Keywords:  lower urinary tract symptoms; men; uric acid

Year:  2022        PMID: 35888773      PMCID: PMC9322789          DOI: 10.3390/metabo12070649

Source DB:  PubMed          Journal:  Metabolites        ISSN: 2218-1989


1. Introduction

Lower urinary tract symptoms (LUTS) become more common as men age. LUTS are broadly grouped into three categories: hesitancy, poor and/or intermittent stream, straining, and dribbling as voiding symptoms; frequency, urgency, nocturia, and leaking as storage symptoms; and prolonged micturition and feeling of incomplete bladder emptying as post-micturition symptoms [1]. Roughly three-quarters of men reported at least one symptom that occurs ”sometimes”, while approximately half of men had at least one symptom “often” [2]. In Korea, the prevalence of LUTS in men ≥40 years old was as high as 70.6%, with 44.7% suffering from moderate to severe symptoms [3]. LUTS have negative influences on the quality of life and mental health, such as lower workplace productivity and higher levels of anxiety and depression [4,5]. Historically, prostate enlargement and subsequent bladder outlet obstruction were thought to explain the pathophysiology of LUTS [6]. The relationship between LUTS, prostate volume, and urodynamic parameters was investigated, but no causative relationship was identified between the parameters of prostatic hyperplasia and symptom severity. This suggests that other factors are involved in the development of LUTS [7]. Previous studies have shown the associations of urological and nonurological conditions: erectile dysfunction [8]; irritable bowel syndrome [9]; metabolic syndrome [10]; increased free thyroxine level [11]; and environmental stress [12]. Uric acid (UA) has recently been brought to the fore in the modulation of prostate cells.

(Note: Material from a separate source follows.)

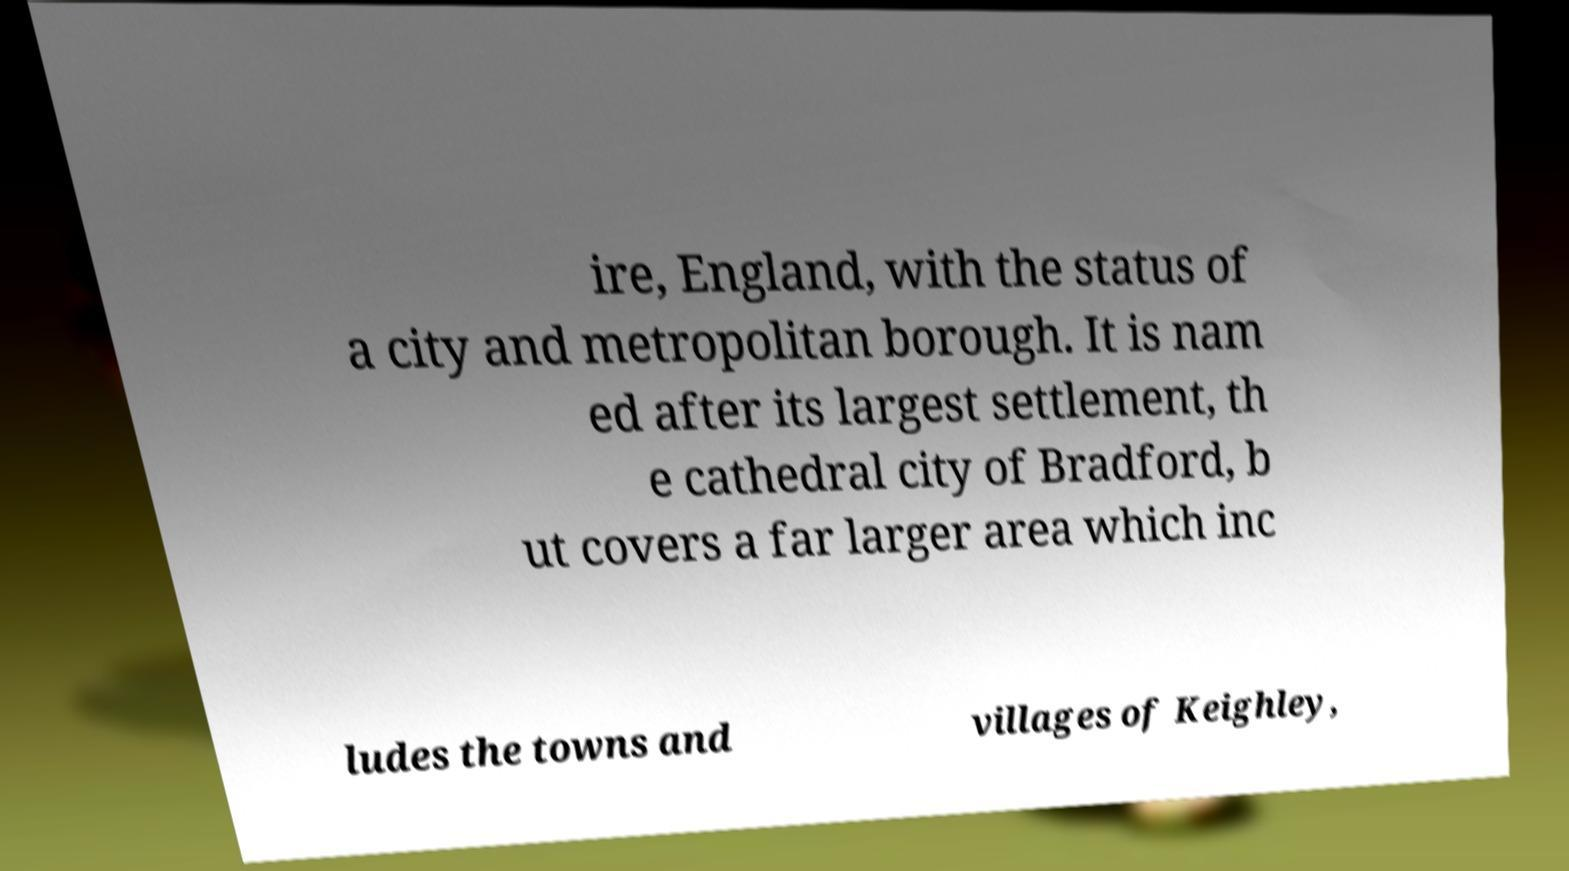For documentation purposes, I need the text within this image transcribed. Could you provide that? ire, England, with the status of a city and metropolitan borough. It is nam ed after its largest settlement, th e cathedral city of Bradford, b ut covers a far larger area which inc ludes the towns and villages of Keighley, 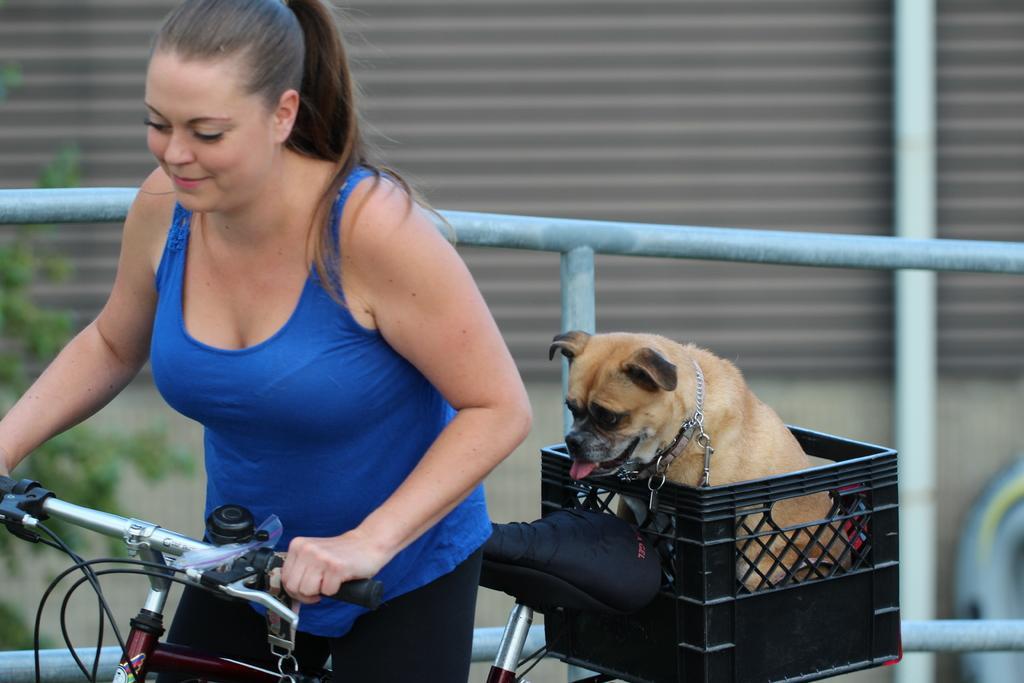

Depending on its chemical environment, UA can be either an antioxidant or pro-oxidant. Oxidative stress was considered to promote benign prostate hyperplasia (BPH) through activation of the inflammasome in response to UA [13]. Meanwhile, one population-based study demonstrated that uric acid lowering treatment (ULT) was associated with lower use of BPH medications and less frequent diagnosis of LUTS than in those who were not treated with ULT [14]. Another group found that ULT reduced prostate cancer cell growth by 37% [15]. Regardless of whether UA has a role in prostate pathology, the relationship between UA and LUTS remains unclear. Therefore, the objective of this study is to evaluate the relationship between serum uric acid (SUA) levels and the occurrence of LUTS in a large Korean sample composed of middle-aged men without LUTS at baseline.

2. Results

2.1. Characteristics of the Study Population

Table 1 displays the baseline characteristics of the 101,091 men in accordance with their SUA levels. The mean ± SD age was 38.1 ± 6.8 y, and the mean ± SD body mass index (BMI) was 24.5 ± 3.0 kg/m2. The average level of SUA was 6.17 mg/dL. Hyperuricemia was detected in 23.8% of participants. Compared to those with lower SUA levels, male participants with higher SUA levels were more likely: to be younger; to be more obese; to consume larger quantities alcohol; to have a history of hypertension with more severe systemic and diastolic blood pressure (BP); and to have higher total cholesterol, low-density lipoprotein (LDL) cholesterol, triglycerides, homeostasis model of assessment of insulin resistance (HOMA-IR), and high-sensitivity C-reactive protein (hsCRP). In contrast, a history of diabetes, current smoking, and high-density lipoprotein (HDL) cholesterol levels were negatively correlated with increasing SUA levels. The total caloric intake had no significant association with the SUA levels.
Table 1

Baseline characteristics by uric acid level.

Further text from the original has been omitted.